![ML Handover Hero](assets/hero.png)

# ML Integration: Data Factory Flow 🤖

This notebook demonstrates how to use `synth-pdb` as a high-speed data factory for Training Protein AI models. 

We leverage the `BatchedGenerator` to produce thousands of structures in milliseconds and feed them directly into **PyTorch** and **JAX** with **Zero-Copy** memory handover.

### The Data Factory Workflow
Traditional structural bio tools are optimized for single-file PDB processing. `synth-pdb` is optimized for **tensor throughput**.

![Protein Data Factory Workflow](assets/workflow.png)


In [None]:
# @title Setup & Installation (Run if on Colab) { display-mode: "form" }
import os
import sys

if 'google.colab' in str(get_ipython()):
    print("Running on Google Colab. Installing dependencies...")
    !pip install biotite numba
    
    if not os.path.exists('synth-pdb'):
        !git clone https://github.com/elkins-lab/synth-pdb.git
    
    sys.path.append(os.path.abspath('synth-pdb'))
    print("Setup Complete.")
else:
    print("Running locally.

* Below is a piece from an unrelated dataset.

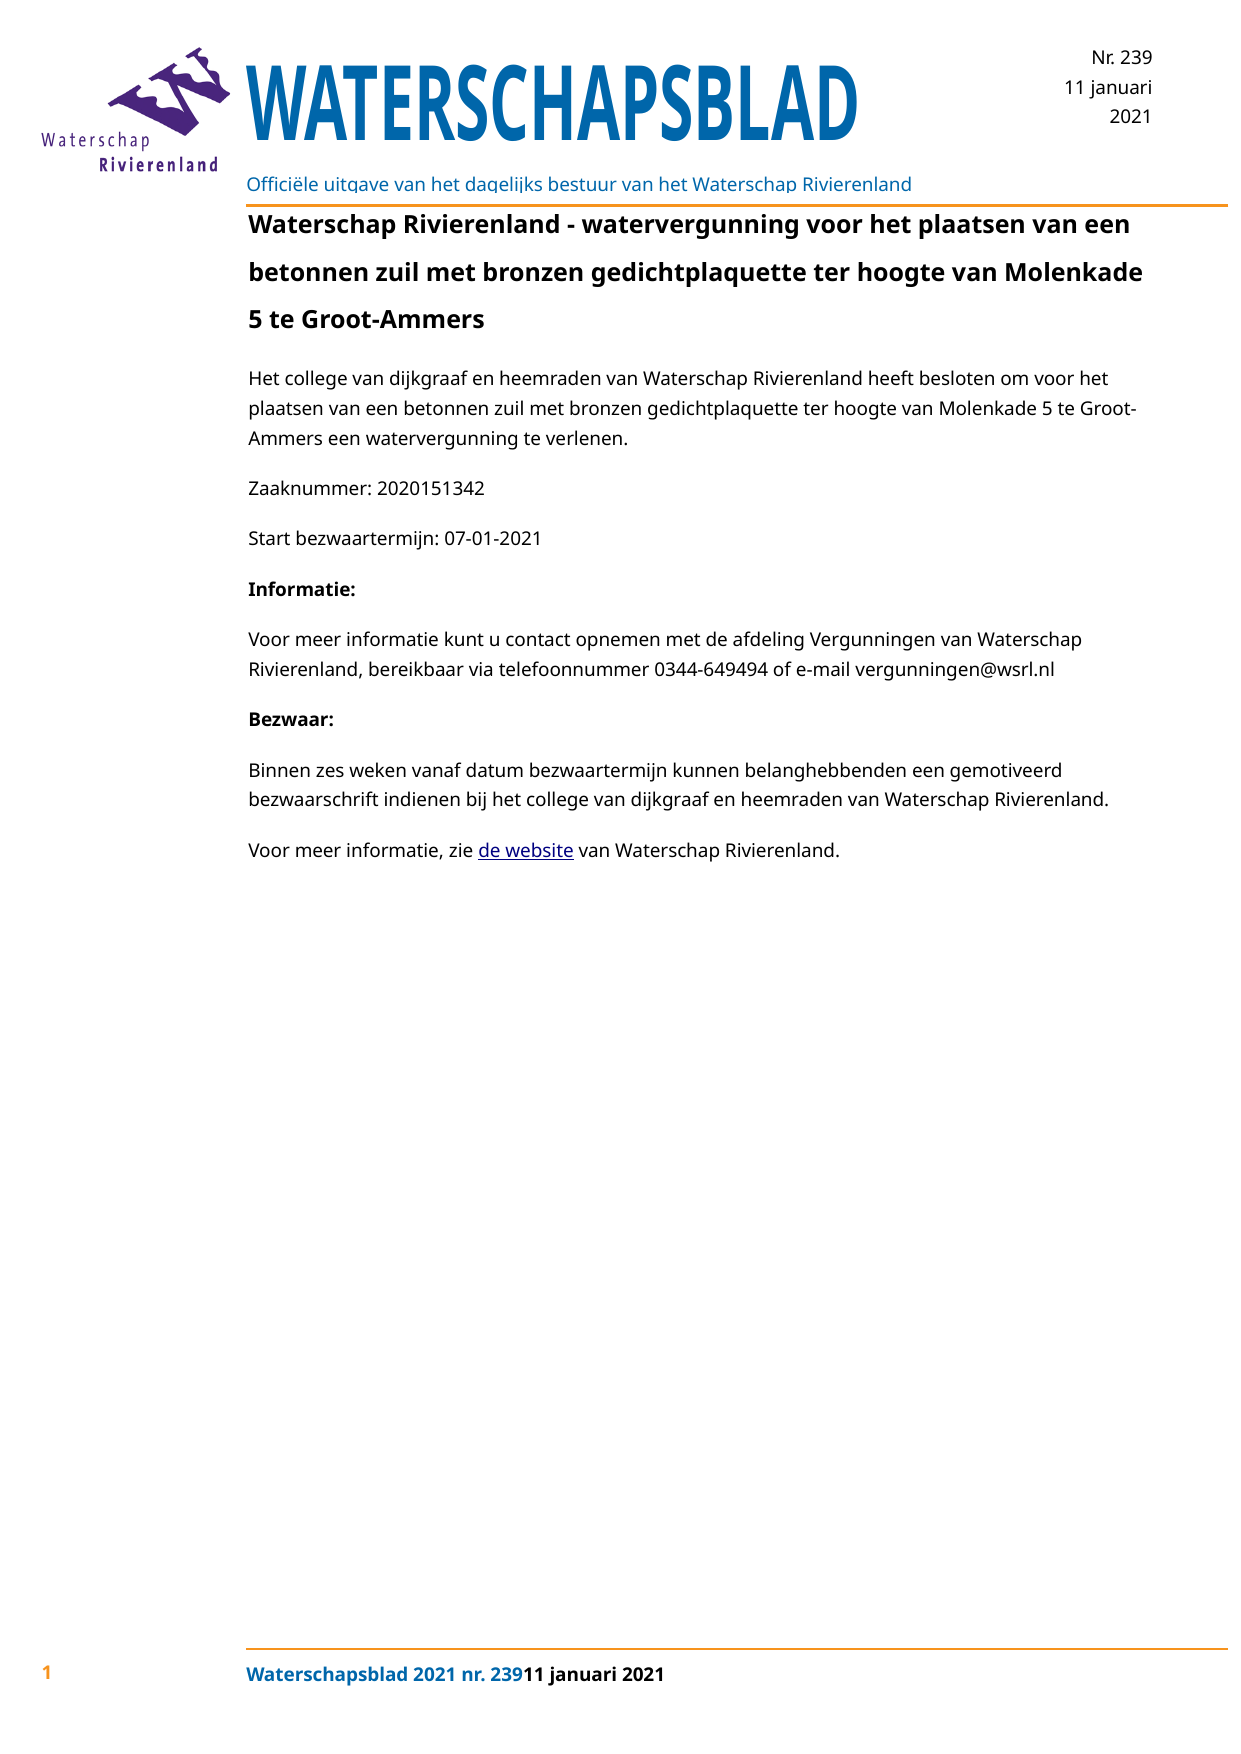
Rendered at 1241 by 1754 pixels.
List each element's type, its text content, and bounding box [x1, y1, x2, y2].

Ensure synth_pdb is in your python path.")

In [None]:
import numpy as np
import time
import matplotlib.pyplot as plt
from synth_pdb.batch_generator import BatchedGenerator

print("Libraries Loaded.")

## 1. High-Speed Generation
We'll generate a batch of 1,000 peptides of length 50. In a traditional serial loop, this would take significant time. In `synth-pdb`, it's a single matrix operation.

In [None]:
# Construct a clean sequence of 49 residues
residues = ["ALA", "GLY", "SER", "LEU", "VAL", "ILE", "MET"] * 7
sequence = "-".join(residues)
n_batch = 1000

generator = BatchedGenerator(sequence, n_batch=n_batch, full_atom=False)

start = time.time()
batch = generator.generate_batch(drift=5.0)
print(f"Generated {n_batch} structures.")


### Benchmark: Serial vs. Batched Generation
Why use `BatchedGenerator`? Below we compare the time to generate 1000 structures one-by-one vs. generating them in a single batch.

In [None]:
from synth_pdb.generator import generate_pdb_content

def run_benchmark(n=100):
    # 1. Traditional Serial Generation
    # We generate structures one-by-one, including building the PDB string.
    # This is how most traditional bio scripts work.
    start_serial = time.time()
    for _ in range(n):
        _ = generate_pdb_content(sequence_str=sequence, minimize_energy=False)
    serial_dt = time.time() - start_serial
    
    # 2. Batched Generation
    # We generate the entire batch at once using vectorized NumPy math.
    start_batched = time.time()
    _ = generator.generate_batch(drift=1.0)
    batched_dt = time.time() - start_batched
    
    return serial_dt, batched_dt

# We run for a smaller subset to keep the notebook responsive
n_test = 100
s_time, b_time = run_benchmark(n_test)

# Scale to show the cost per 1k structures
s_1k = s_time * (1000/n_test)
b_1k = b_time * (1000/n_batch) if n_batch > 0 else b_time # Already generated 1k in previous cell

plt.figure(figsize=(8, 4))
bars = plt.bar(["Traditional Serial", "synth-pdb Batched"], [s_1k, b_time], color=["#ff9999", "#667eea"])
plt.ylabel("Seconds per 1,000 Structures")
plt.title(f"Real-World Performance Comparison")
plt.grid(axis="y", linestyle="--", alpha=0.7)

for bar in bars:
    yval = bar.get_height()
    plt.text(bar.get_x() + bar.get_width()/2, yval + (s_1k*0.02), f"{yval:.3f}s", ha="center", va="bottom", fontweight="bold")

plt.show()

print(f"Vectorization Speedup: {s_1k / b_time:.1f}x")
print(f"Theoretical throughput: {1000/b_time:.0f} structures/sec")

## 2. PyTorch Handover (Zero-Copy)
PyTorch can "wrap" a NumPy array without copying it. Any change to the NumPy array will be reflected in the Tensor (and vice versa).

In [None]:
try:
    import torch
    
    # Zero-copy handover
    torch_tensor = torch.from_numpy(batch.coords).float()
    
    print("✅ PyTorch Handover successful!")
    print(f"Tensor Device: {torch_tensor.device}")
    print(f"Contiguous in memory: {torch_tensor.is_contiguous()}")
except ImportError:
    print("❌ PyTorch not found. Use 'pip install torch' to see this in action.")

## 3. JAX / MLX Handover
JAX also supports efficient conversion from NumPy.

In [None]:
try:
    import jax.numpy as jnp
    
    jax_array = jnp.array(batch.coords)
    print("✅ JAX Handover successful!")
    print(f"JAX Device: {jax_array.device}")
except ImportError:
    print("❌ JAX not found.")

## 4. Educational Note: Why does this matter?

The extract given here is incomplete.